The systems must also be flexible to be sized appropriately. Typically at this stage, the preclinical and phase one materials have expression level ranges from less than 1 g/L to up to 3 g/L. The single-use systems need to be connected in such a way that they are flexible enough to change the size of the chromatography column or the size of the filtration system depending on the output of the bioreactor.

The advantages of applying a template approach to the downstream processing of mAbs are well known and include standardization of unit operations, buffers, certain operating parameters, and equipment. This standardization allows streamlining and minimizing process development, rapid scale-up, and facilitation of technology transfer.
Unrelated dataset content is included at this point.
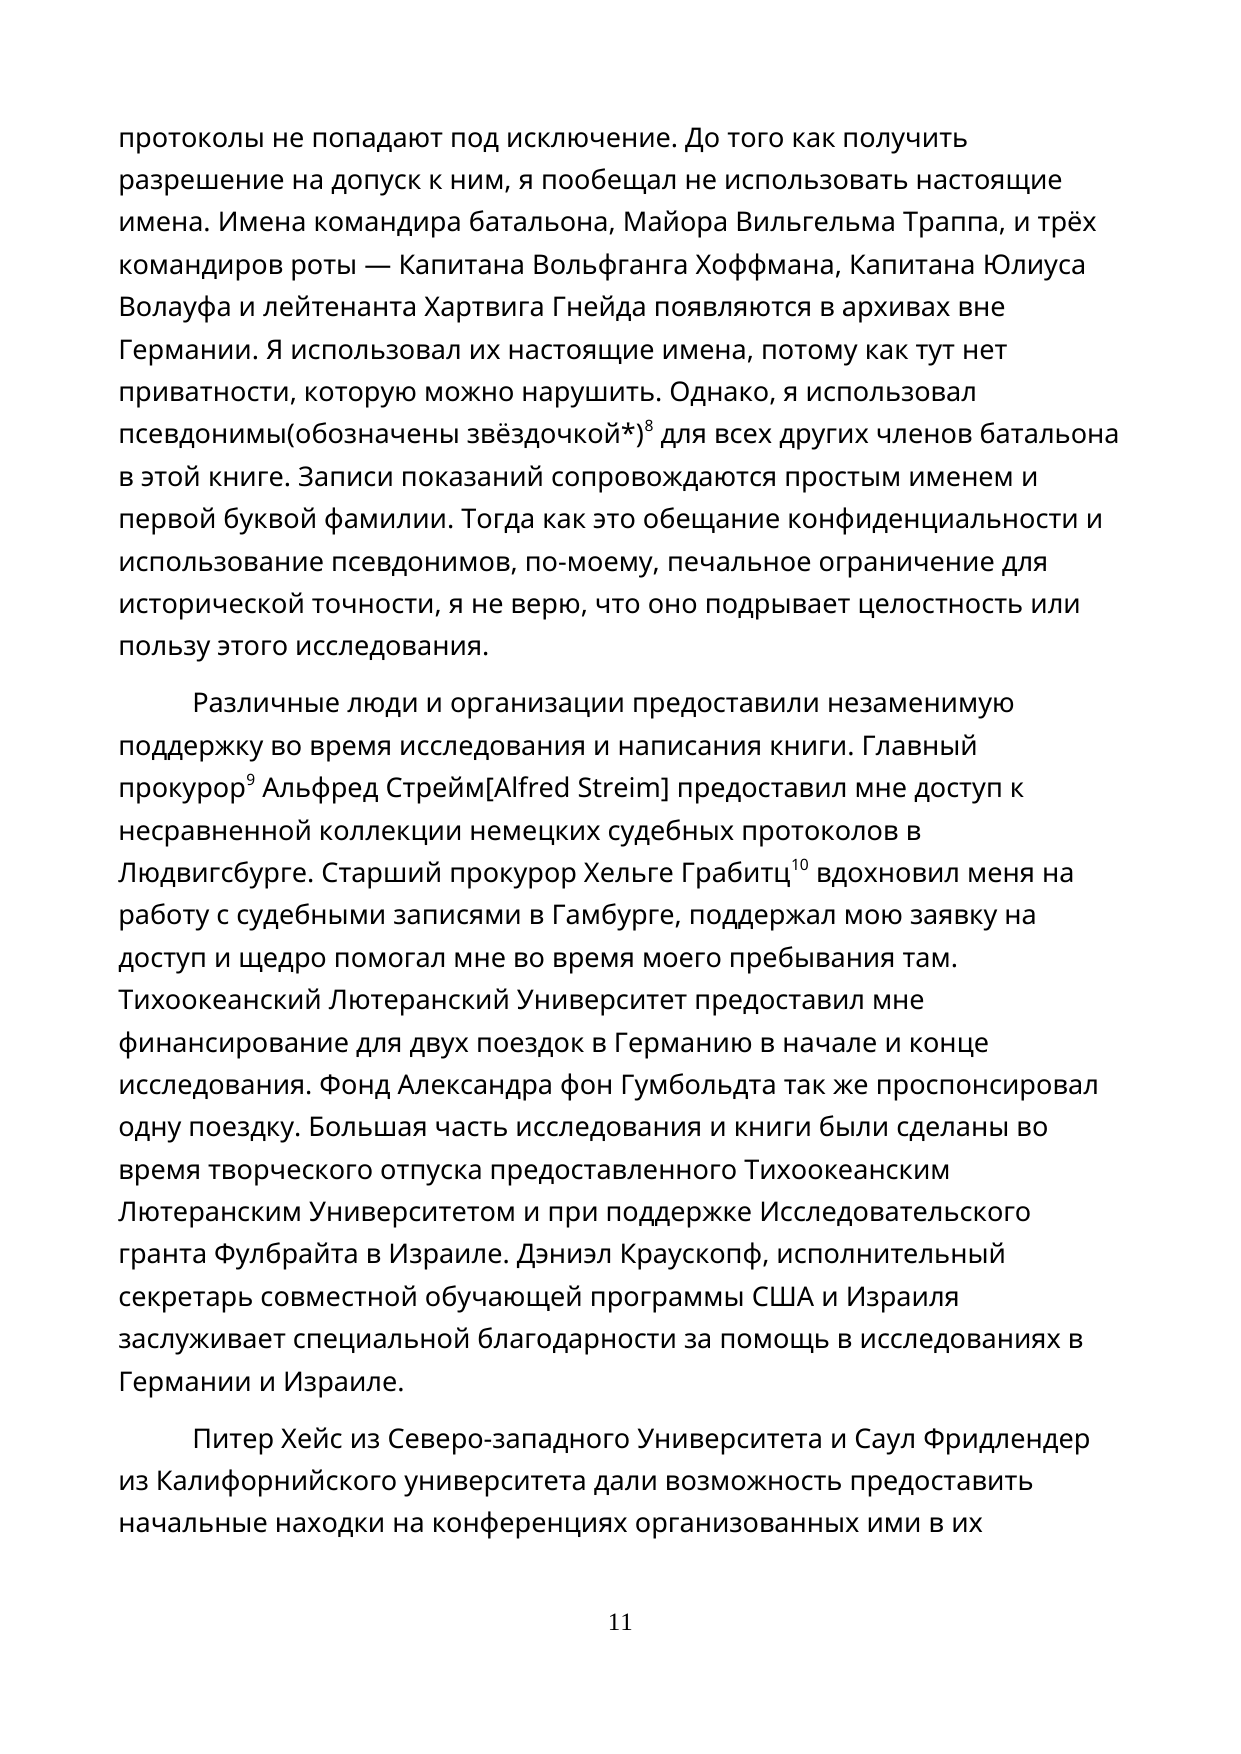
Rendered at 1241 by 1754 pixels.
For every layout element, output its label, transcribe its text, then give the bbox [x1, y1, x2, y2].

text Различные люди и организации предоставили незаменимую поддержку во время исследования и написания книги. Главный прокурор Альфред Стрейм[Alfred Streim] предоставил мне доступ к несравненной коллекции немецких судебных протоколов в Людвигсбурге. Старший прокурор Хельге Грабитц вдохновил меня на работу с судебными записями в Гамбурге, поддержал мою заявку на доступ и щедро помогал мне во время моего пребывания там. Тихоокеанский Лютеранский Университет предоставил мне финансирование для двух поездок в Германию в начале и конце исследования. Фонд Александра фон Гумбольдта так же проспонсировал одну поездку. Большая часть исследования и книги были сделаны во время творческого отпуска предоставленного Тихоокеанским Лютеранским Университетом и при поддержке Исследовательского гранта Фулбрайта в Израиле. Дэниэл Краускопф, исполнительный секретарь совместной обучающей программы США и Израиля заслуживает специальной благодарности за помощь в исследованиях в Германии и Израиле. [118, 684, 1122, 1399]
text Питер Хейс из Северо-западного Университета и Саул Фридлендер из Калифорнийского университета дали возможность предоставить начальные находки на конференциях организованных ими в их [118, 1419, 1122, 1541]
text протоколы не попадают под исключение. До того как получить разрешение на допуск к ним, я пообещал не использовать настоящие имена. Имена командира батальона, Майора Вильгельма Траппа, и трёх командиров роты — Капитана Вольфганга Хоффмана, Капитана Юлиуса Волауфа и лейтенанта Хартвига Гнейда появляются в архивах вне Германии. Я использовал их настоящие имена, потому как тут нет приватности, которую можно нарушить. Однако, я использовал псевдонимы(обозначены звёздочкой*) для всех других членов батальона в этой книге. Записи показаний сопровождаются простым именем и первой буквой фамилии. Тогда как это обещание конфиденциальности и использование псевдонимов, по-моему, печальное ограничение для исторической точности, я не верю, что оно подрывает целостность или пользу этого исследования. [118, 118, 1122, 664]

In the development of clinical supply, speed is more important than creation of a fully optimized process. Clearly, the process must deliver material of acceptable quality, yield, and purity but optimization for a commercial process can be left until the molecule shows promise in the clinic. As such, a pragmatic approach to minimize time and effort makes sense.

Such an approach can be facilitated through a combination of single-use technologies and a template approach to downstream processing in which operating parameters can be preselected to reduce process development efforts. This approach is expected to be of value for smaller, emerging drug manufacturers who are unlikely to have the extensive experience needed to establish a downstream processing template. Furthermore, use of prepackaged devices, systems, and ancillaries can reduce the time and effort required for specification, procurement, and installation.

In the approach described here, devices and operating parameters were preselected based on experience. In doing so, the number of devices and parameters to screen was effectively reduced. Preconfigured standard systems reduce the specification, delivery, and implementation time and effort. The risk element is considerably reduced through use of well-established protocols, data collection, analyses, and scale-up tools.